I wouldn’t say he had trouble. That was his pleasure. In Aleppo and Beirut, there was a formal community council. If you were from one of the big families, you were the president of the council. They said that in the Syrian world there were no aristocrats, but the Safras were as close as you come to that. His father was often the head of the community council. So from a young age, there was seamlessness between I run this bank, a lot of customers are people in this community, and I am also a senior leader in this community locally and in exile around the world.
Overall, your book paints Safra in a positive light. He must have had flaws and shortcomings.

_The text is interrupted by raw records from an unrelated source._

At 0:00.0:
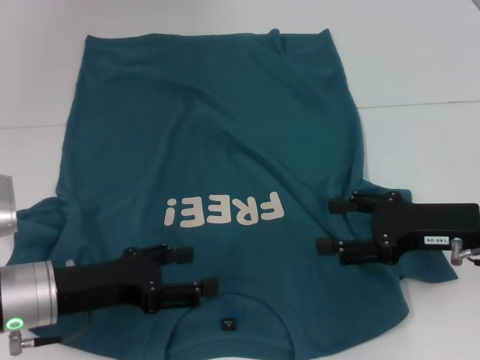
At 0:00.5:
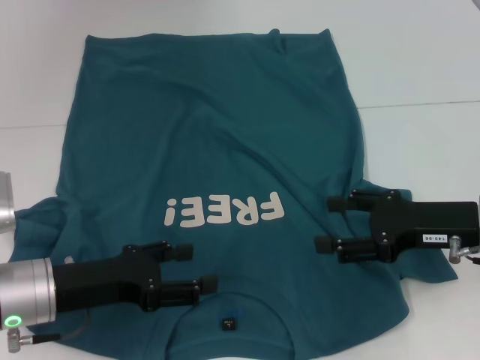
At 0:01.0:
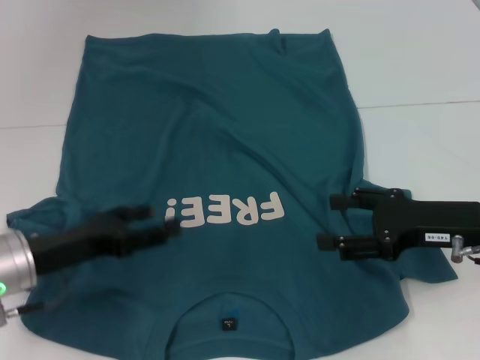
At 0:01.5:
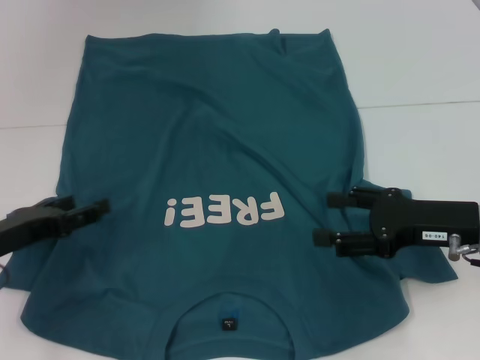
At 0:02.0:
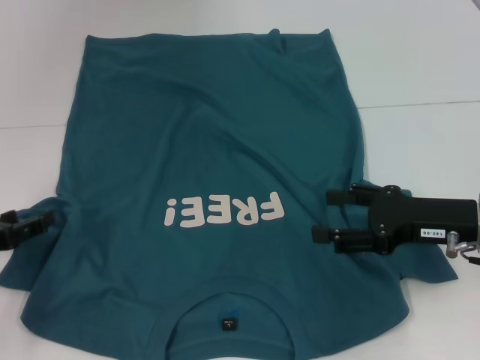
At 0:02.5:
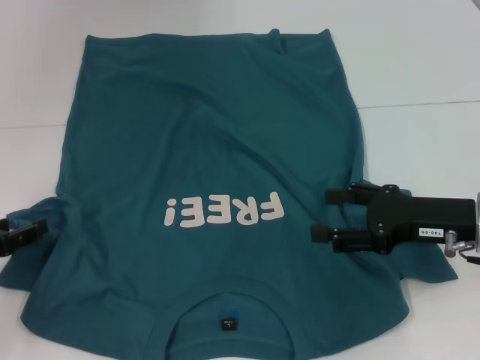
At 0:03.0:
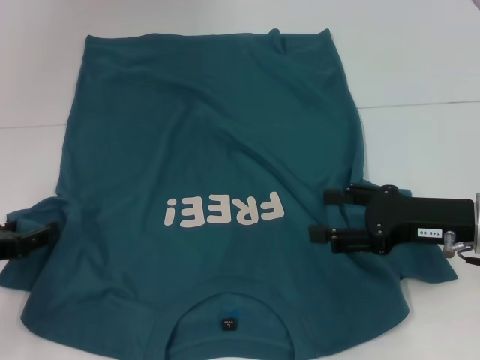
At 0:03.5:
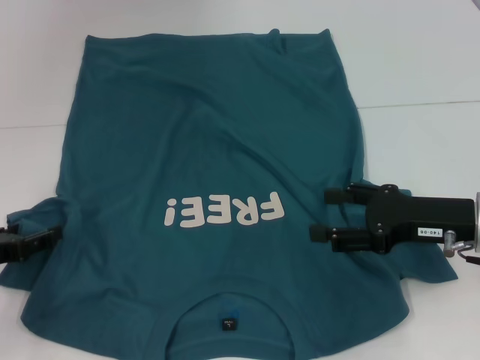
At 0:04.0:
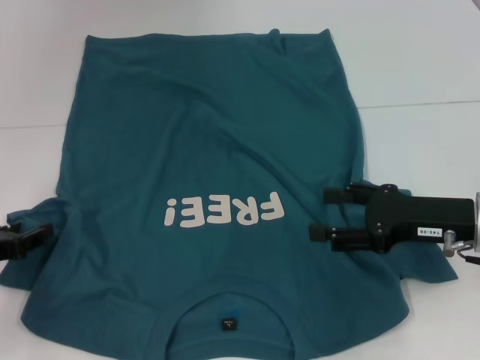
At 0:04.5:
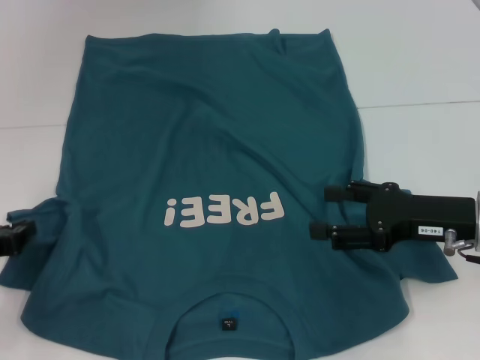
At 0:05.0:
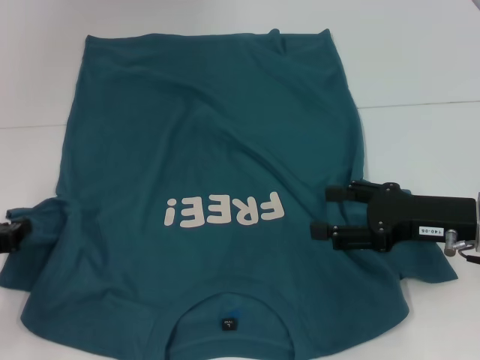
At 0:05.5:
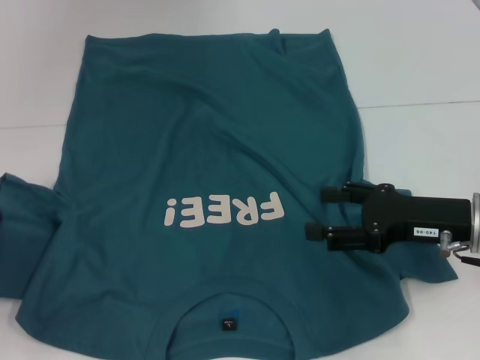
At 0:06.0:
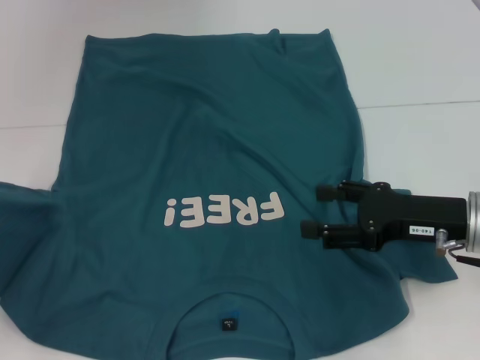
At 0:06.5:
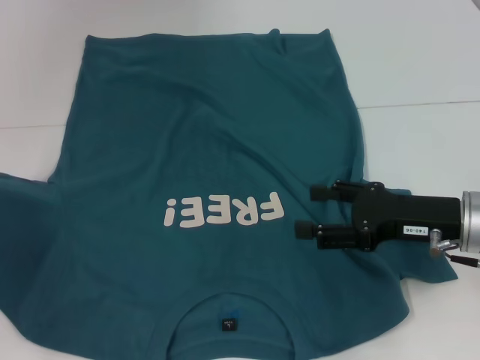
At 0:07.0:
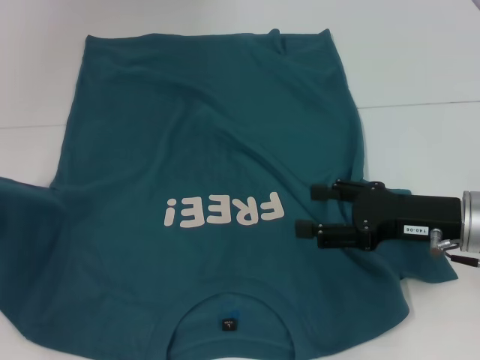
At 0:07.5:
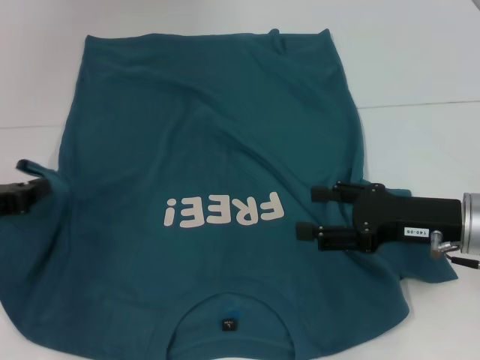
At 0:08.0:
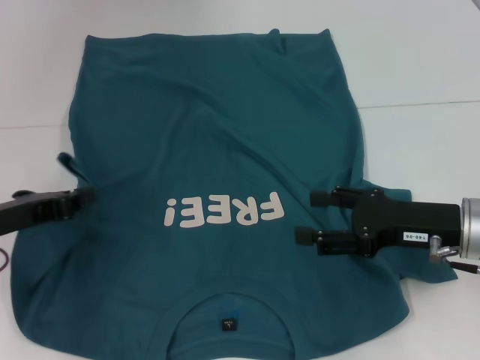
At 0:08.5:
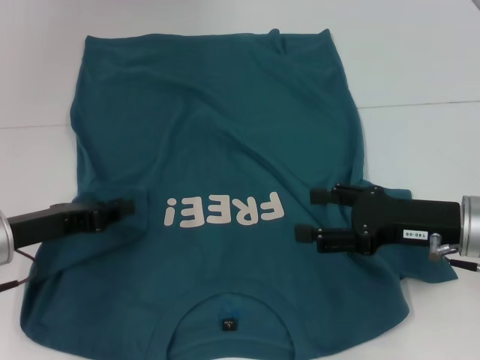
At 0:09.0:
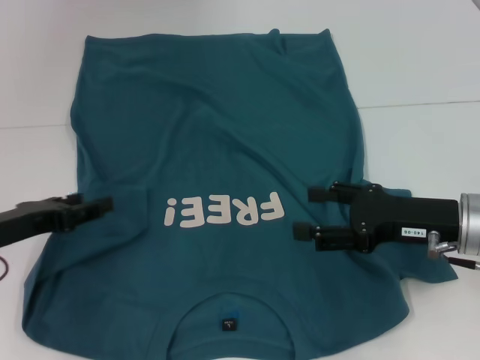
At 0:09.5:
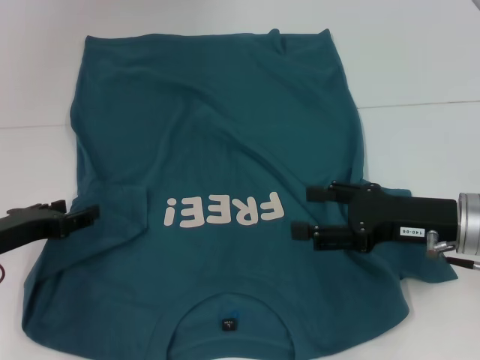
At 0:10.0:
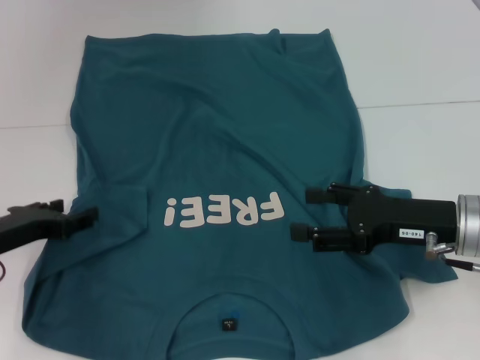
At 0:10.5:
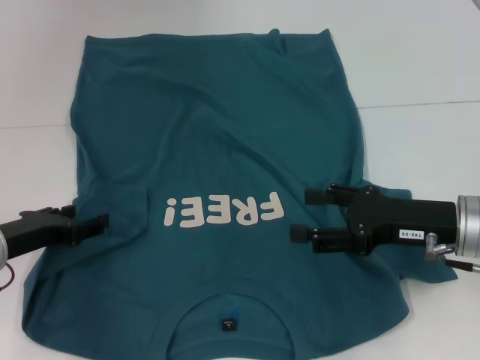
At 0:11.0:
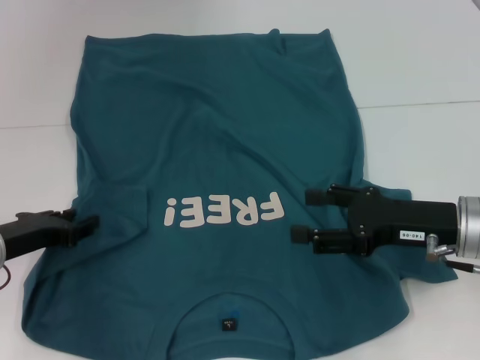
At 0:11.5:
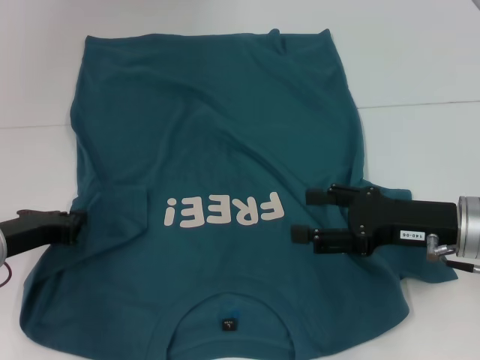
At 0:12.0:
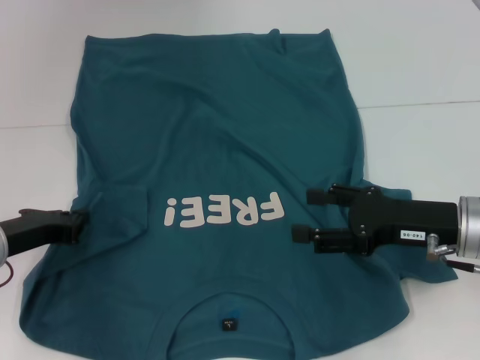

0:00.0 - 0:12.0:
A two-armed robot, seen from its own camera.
0:00.0 - 0:02.0: The left gripper goes some 10 cm to the left.
0:02.0 - 0:04.0: The grippers stay close to where they were, moving slightly.
0:04.0 - 0:06.0: The left gripper closes.
0:06.0 - 0:08.0: The left gripper travels to the right by some 10 cm.
0:08.0 - 0:10.0: The left gripper opens up.
0:10.0 - 0:12.0: The left gripper closes up.

He could be in some ways too loyal to individuals. He was also fearful at times. Sometimes it served him well, and in other areas, it kind of got the best of him. He was fearful that other people were out to hurt him. Sometimes he was fearful that if something went wrong he would be responsible for everything, therefore he was very conservative about things.
I think his biggest misstep was that he could not figure out a succession plan. He didn’t have any children, and his nephews were busy running Banco Safra in Brazil. Based on his background, he would not consider the possibility of female relatives running his banks.
He was never the CEO of Republic Bank. He was the Chairman and owned 30%, but he was not the actual CEO. At the same time, it was very clear who was in charge and made all the decisions. He was not great about letting go and delegating, so the top executives may not have felt as empowered as they should have been. His banks didn’t do the classic things that big institutions do about grooming leadership, such as people getting promoted and strategic planning — at least not at the usual level.
Ultimately when he sold Republic and Safra Republic to HSBC he wanted to sell them for cash. He didn’t want to take stock in some other company because then he would have to trust someone else with his wealth.
What was the outcome of this?
This book is in many ways a story of triumph and success in business, but there is also an element of tragedy. The tragedies are threefold. First, he got sick with Parkinson’s in his early 60s. Second, he died in tragic circumstances years before he should have. And third, the story of his banks kind of ended with the sale. Today when somebody sells a company it’s a triumphant exit. For him, it was deflating. He said, “I’ve sold my babies.” What for any other financial figure would have been a crowning achievement was for him a source of sadness.